Synergistic utilization of industrial solid wastes: Extraction of valuable metals from tungsten leaching residue by photovoltaic sawing waste

Solid waste challenges in both the tungsten and photovoltaic industries present significant barriers to achieving carbon neutrality. This study introduces an innovative strategy for the efficient extraction of valuable metals from hazardous tungsten leaching residue (W-residue) by leveraging photovoltaic silicon kerf waste (SKW) as a silicothermic reducing agent. W-residue contains 26.2% valuable metal oxides (WO₃, CoO, Nb₂O₅, and Ta₂O₅) and other refractory oxides (SiO₂, TiO₂, etc.), while micron-sized SKW contains 91.9% Si with a surface oxide layer. The impact of SKW addition on the silicothermic reduction process for valuable metal oxides in W-residue was investigated. Incorporating SKW and Na₂CO₃ flux enables valuable metal oxides from W-residue to be effectively reduced and enriched as a valuable alloy phase, with unreduced refractory oxides forming a harmless slag phase during the Na₂O-SiO₂-TiO₂ slag refining process.

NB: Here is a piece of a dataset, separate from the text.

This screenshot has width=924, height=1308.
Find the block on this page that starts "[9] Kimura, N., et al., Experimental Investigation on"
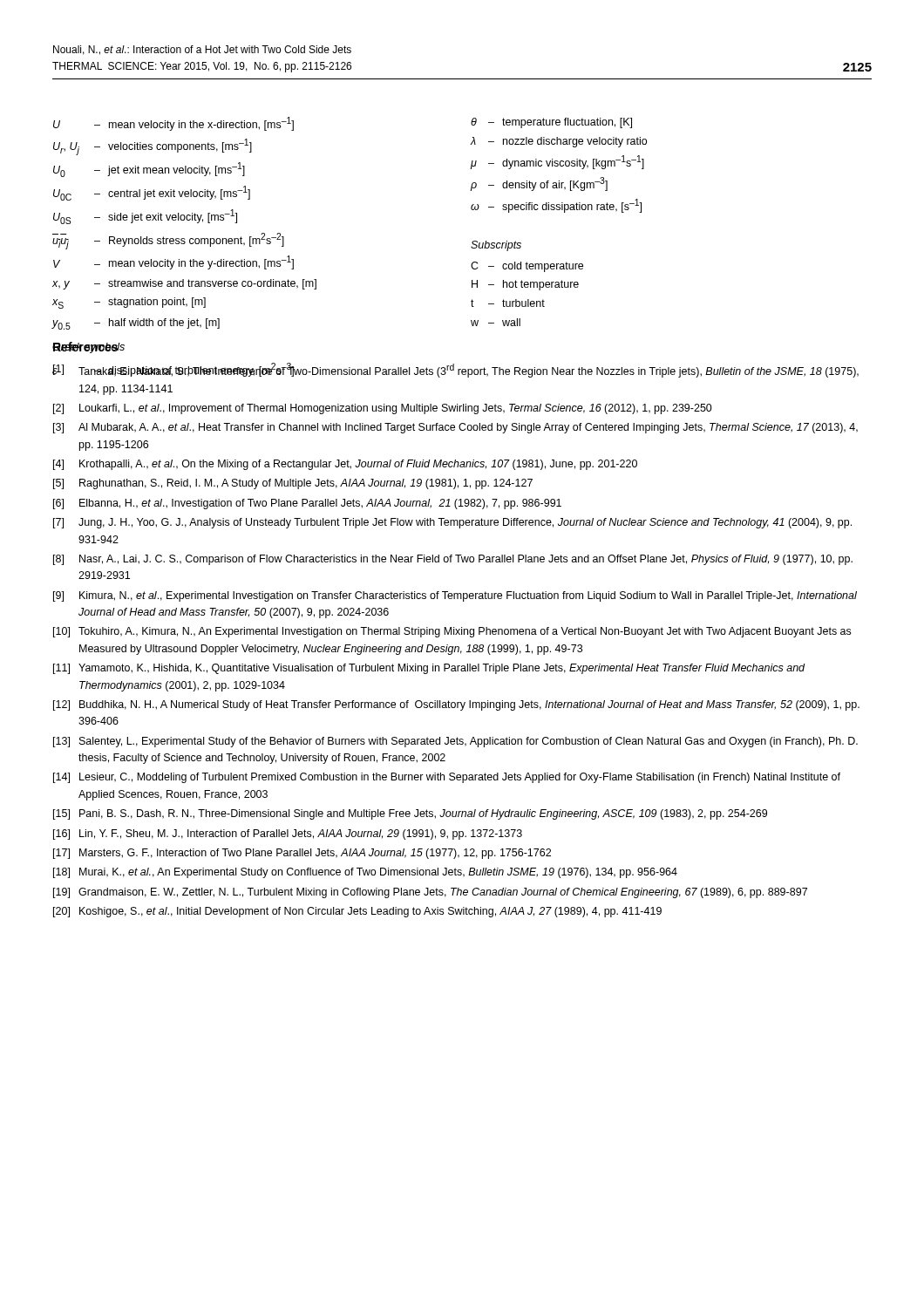(x=462, y=604)

This process achieved an overall recovery yield of valuable metals of 91.7%, with individual recovery yields of W, Co, and Nb exceeding 90% with the addition of 8 wt.% SKW. This innovative approach not only achieves high-value recovery from W-residue and utilization of SKW but also minimizes environmental impact through an efficient and eco-friendly recycling pathway. The strategy contributes significantly to the establishment of a resource-efficient circular economy, wherein the recovered high-value alloy phase return to the tungsten supply chain, and the harmless slag phase become raw materials for microcrystalline glass production.